И к тому же я вижу, что люди из самых разных аудиторий ищут поэзию, они хотят что-то понимать в ней. Почему не дать им такую возможность? Почему поэзия должна оставаться недоступной? Когда вы слушаете какую-то новую музыкальную композицию, вы же не проявляете героизм. Вы просто её слушаете в сервисе, который вам её подсказал. Это нормально — не должен человек проявлять героизм для того, чтобы познакомиться с новым поэтическим произведением. Это должно быть для него легко и доступно. И если ему нравится, пускай он продолжает это делать.
Но такой подход всё-таки требует от вас экспертности, а во-вторых — технических решений. Потому что современный читатель привык к новым средствам доставки контента. Если он сидит в Telegram — значит, мы должны быть в Telegram. Где он находится — там и мы должны быть. Хотя не могу сказать, что мы в полной мере это реализовали.
— Получается, как редактор вы не ощущаете проблемы, — когда язык статей, например, из доступного превращается в вульгаризаторски опрощённый. Или, как сказал Алексей Алёхин давно на одном из семинаров, — «Я не беру некоторые стихи, потому что понимаю: пусть они всем хороши, но их читать не будут».
— Я не ощущаю этой проблемы. Сложной публикацией я считаю не ту, которая написана сложным языком, и не ту, которая содержит сложные смыслы, — а ту, которая плохо подготовлена. Когда не понимаешь, зачем про это читать сейчас, в чём событие, почему это должно быть интересно. Вот это неподготовленная публикация — и читать это очень сложно. Если публикация правильно подготовлена — она может содержать очень сложные тексты, при этом они правильно поданы, дан контекст их восприятия, даны ключи к тому, чтобы можно было это читать. Будет аудитория читать это или нет, мы при этом никогда до конца не понимаем.
Я на самом деле публиковал сложнейшие вещи. В прошлом году у нас была философская поэма Юлии Милорской на тему происхождения жизни. Вы найдите, это очень забористая вещь. Я не считаю, что человека, интересующегося поэзией, нужно оберегать от сложных вещей. И как раз в силу того, что я сам человек искушённый, — я ценю в поэзии вещи усложнённые.

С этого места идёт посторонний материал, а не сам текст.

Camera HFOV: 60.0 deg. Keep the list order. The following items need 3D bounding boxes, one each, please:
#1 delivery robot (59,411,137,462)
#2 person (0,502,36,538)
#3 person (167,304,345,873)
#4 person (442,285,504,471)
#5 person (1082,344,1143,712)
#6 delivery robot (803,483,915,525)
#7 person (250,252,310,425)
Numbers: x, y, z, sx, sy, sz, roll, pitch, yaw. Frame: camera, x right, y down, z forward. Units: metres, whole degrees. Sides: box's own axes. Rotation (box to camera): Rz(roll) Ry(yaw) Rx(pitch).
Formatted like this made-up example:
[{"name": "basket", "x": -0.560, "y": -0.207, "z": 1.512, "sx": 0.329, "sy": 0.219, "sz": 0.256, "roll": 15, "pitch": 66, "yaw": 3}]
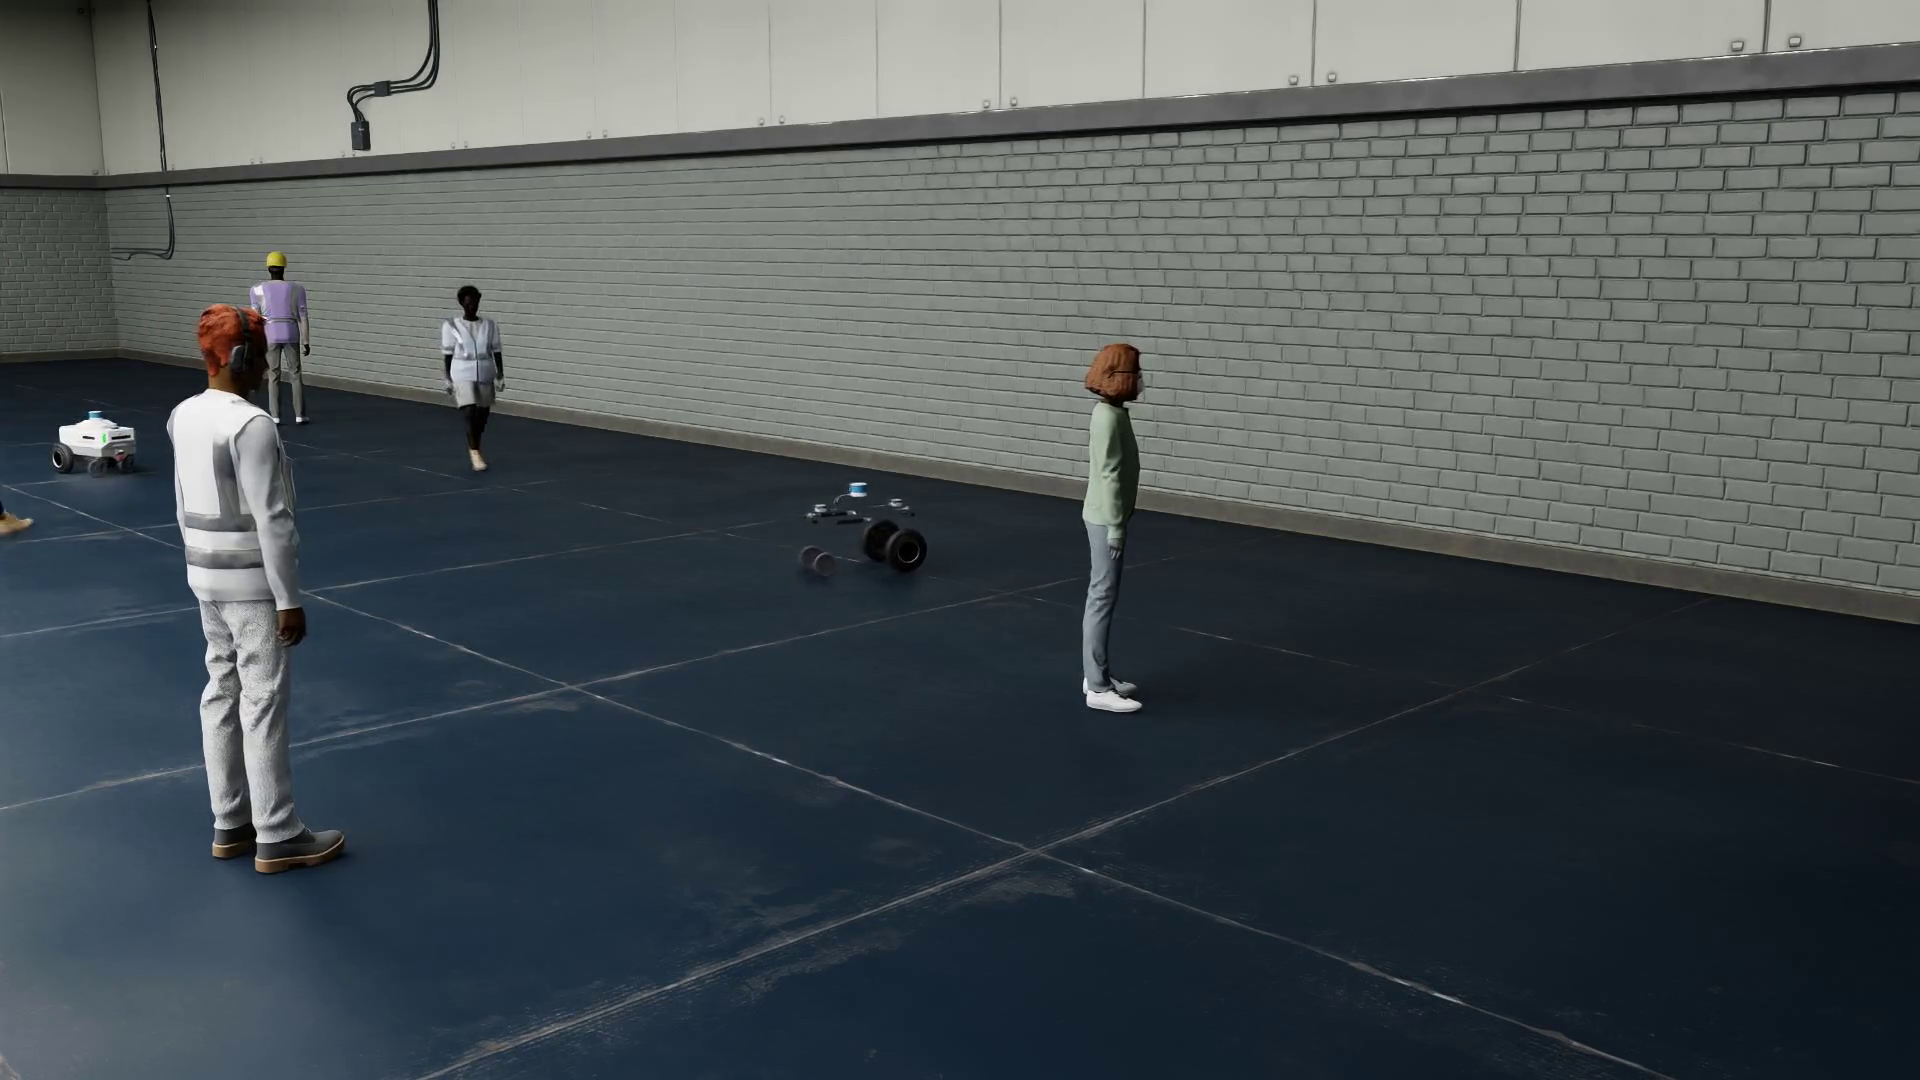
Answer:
[{"name": "delivery robot", "x": -7.738, "y": -0.914, "z": 14.924, "sx": 0.707, "sy": 0.478, "sz": 0.477, "roll": 6, "pitch": 12, "yaw": 30}, {"name": "person", "x": -6.998, "y": -0.794, "z": 11.456, "sx": 0.530, "sy": 1.642, "sz": 0.918, "roll": 7, "pitch": 13, "yaw": 35}, {"name": "person", "x": -2.387, "y": 0.160, "z": 5.578, "sx": 0.574, "sy": 1.886, "sz": 0.356, "roll": 8, "pitch": 13, "yaw": 37}, {"name": "person", "x": -4.468, "y": -1.502, "z": 15.241, "sx": 0.536, "sy": 1.671, "sz": 0.787, "roll": -6, "pitch": 12, "yaw": -30}, {"name": "person", "x": 0.690, "y": -0.065, "z": 7.488, "sx": 0.278, "sy": 1.634, "sz": 0.499, "roll": 1, "pitch": 10, "yaw": 4}, {"name": "delivery robot", "x": -0.640, "y": -0.248, "z": 10.588, "sx": 0.698, "sy": 0.223, "sz": 0.335, "roll": -5, "pitch": 12, "yaw": -25}, {"name": "person", "x": -7.603, "y": -2.255, "z": 18.634, "sx": 0.594, "sy": 1.926, "sz": 0.368, "roll": -4, "pitch": 11, "yaw": -22}]

— А какие-то реальные ограничения в проекте есть? То, что никогда не будет опубликовано? Мы не имеем в виду, конечно, откровенную графоманию.
— Единственное реальное ограничение — это мат. Мы всё-таки зарегистрированы как СМИ, нас контролирует Роскомнадзор. Ну и дальше, как в законодательстве, — запрет на разжигание межнациональной розни и так далее. В последнее время законодатель добавил нам запретов. Ну и мы не публикуем ангажированную, политически и идеологически заряженную поэзию.
— Вы сказали о «правильно подготовленной публикации». А не могли бы вы описать критерии такой публикации?
— Во-первых, проработка контекста. Перед публикацией подборок современной поэзии мы даём развёрнутые справки и раздел, который называется «Чем это интересно», — микроочерк о поэтике подборки. Это важнейший элемент публикации: если человек не имеет обширного кругозора в современной поэзии, он сможет от этого оттолкнуться.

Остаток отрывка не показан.